Examples in which known: Viterbo for $(\R^{2n}, \omega_0)$. Hofer-Viterbo 1992 for symplectically rationally connected manifolds under semi-positivity assumption. (Through any 2 points of $M$, there is a holomorphic sphere.)
The actual definition of symplectically rationally connected: exists a non-vanishing GW invariant $GW_0(\pt, \pt, A, B, \dots)$.
Liu-Tian result with separating hypersurface and classes $A_0$, $A_1$ with support on either side.
Lu: If $<\pt, \beta_1, \dots, \beta_n>^{M, A}_{0, n+1} \ne 0$ then result holds. (symplectically uniruled)
proof sketch: This non-vanishing implies $\star = <\pt, PD(\omega), \beta_1, \dots, \beta_n>^{M, A}_{0, n+2} \ne 0$. Now the trick is to find $\hat \omega = \omega - d(\beta \lambda)$ where $\lambda$ is a local primitive of $\omega$ near $\Sigma$ and $\beta$ is a cut-off function. Then, this has support away from $\Sigma$. Now obtain \[ \star = < \pt, \gamma_+, \beta> + <\pt, \gamma_-, \beta> \] since $\star \ne 0$, one of these terms $\ne 0$. The result now follows by Liu-Tian.
Corollary: shWC true for $M \times N$ with product form and $M$ symp uniruled.
Question: can we generalize to Hamiltonian fibrations? \[ (F, \omega) \hookrightarrow P \to (B, \omega_B) \] s.t.
- $P|_{B_1}$ is sympl trivial, where $B_1$ is the 1-skeleton
- exists a connection $P$ such that the holonomy is hamiltonian i.e.~exists $\tau \in \Omega^2(P)$ such that $\tau|_{F} = \omega$ and $d\tau = 0$ with a normalization condition.
THEOREM: Suppose
- $(P, \pi)$ is cohomologically split over $\Q$, i.e.~ \\[ H^*(P) \sim H^*(B) \otimes H^*(F) \\] as vector spaces.

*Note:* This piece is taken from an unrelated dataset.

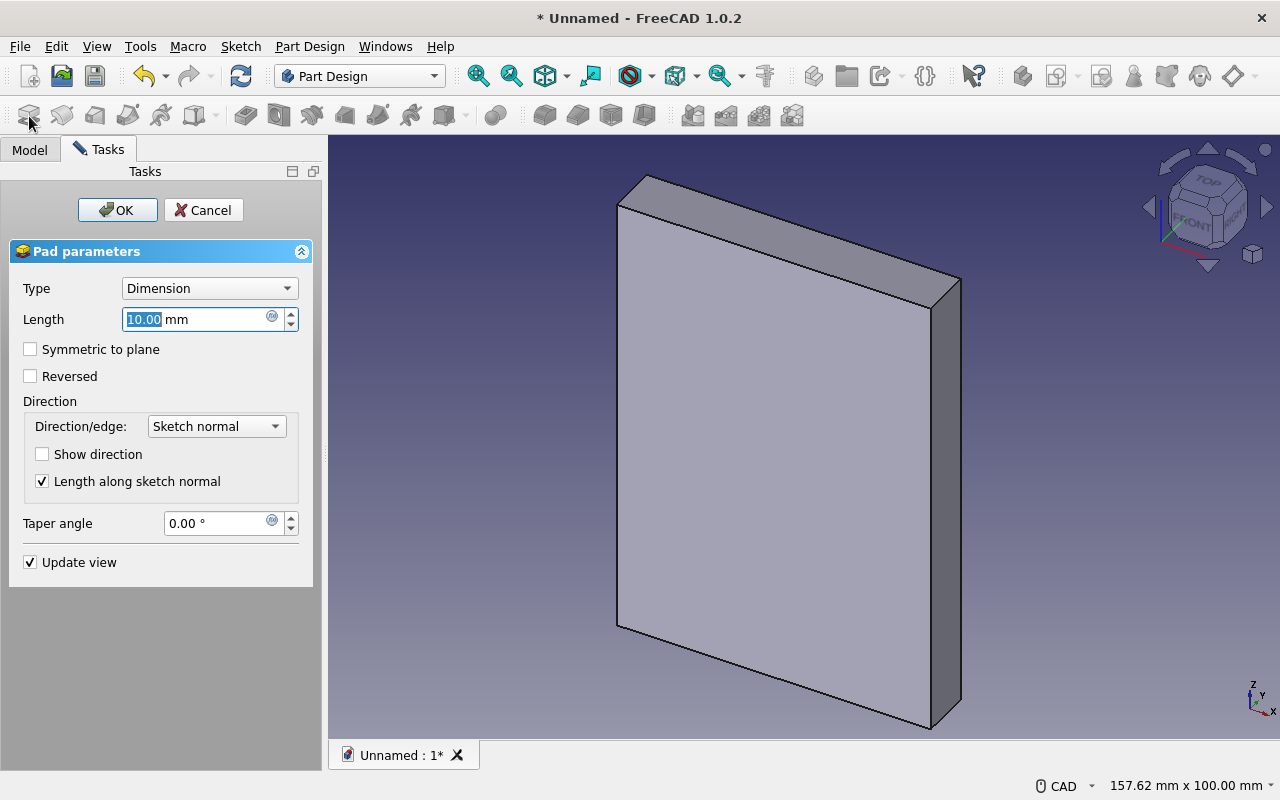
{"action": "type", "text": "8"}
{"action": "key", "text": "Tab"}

And $i_* : H^*(P) \to H^*(F)$ is surjective.
- $(B, \omega_B)$ is symplectically uniruled for some primitive class $\sigma_B \in H_2(B)$ for spherical class $B$.
- $(F, \omega)$ satisfies semi-positivity relative to $P$.
THEOREM: We can drop condition (1) by asking that $(B, \omega_B)$ is symp rationally connected.
PROOF:
Case 1: the fibre is symplectically uniruled. Result done by Ruan, Tian and Liu. \\ Basic idea: \[ 0 \ne < \pt, \beta>^{F, \sigma}_{0, n} = <\pt, i_* \beta>_{0,n}^{P, i_* \sigma} \] where $\sigma \in H_2(F)$.
Case 2: Suppose $(F, \omega)$ not symp uni. consider: $C$ the image of a curve counted in $<\pt, \beta_B>_{0,n}^{\beta, \sigma_B}$ Now restrict $P|_C$. Gives a fibration over $S^2$. this is then described by a loop in $Ham(F, \omega)$. Since $(F, \omega)$ NOT symp uni, for any symplectic loop, exists $\sigma' \in H_2^{sph}(P|_C)$ such that $<\pt_{0,1}^{P|_C, \sigma'} \ne 0$, where $\sigma'$ is a section class. (i.e.~projects to the fundamental class of the base) Then, $=<\pt, [F], \dots, [F]>_{0, n+1}^{P|_C, \sigma'}$.
THEOREM: \[ < \pt, \pi^{-1} \beta_B >_{0,n}^{P, i_* \sigma'} = < \pt, \beta_B>_{0, n}^{B, \sigma_B} < \pt, [F], \dots, [F]>_{0,n}^{P|_C, \sigma'} \]
Remarkable fact: the Seidel element, when we are in a NOT uniruled case, looks like $ S(\gamma) = [F] \tensor \lambda + x $.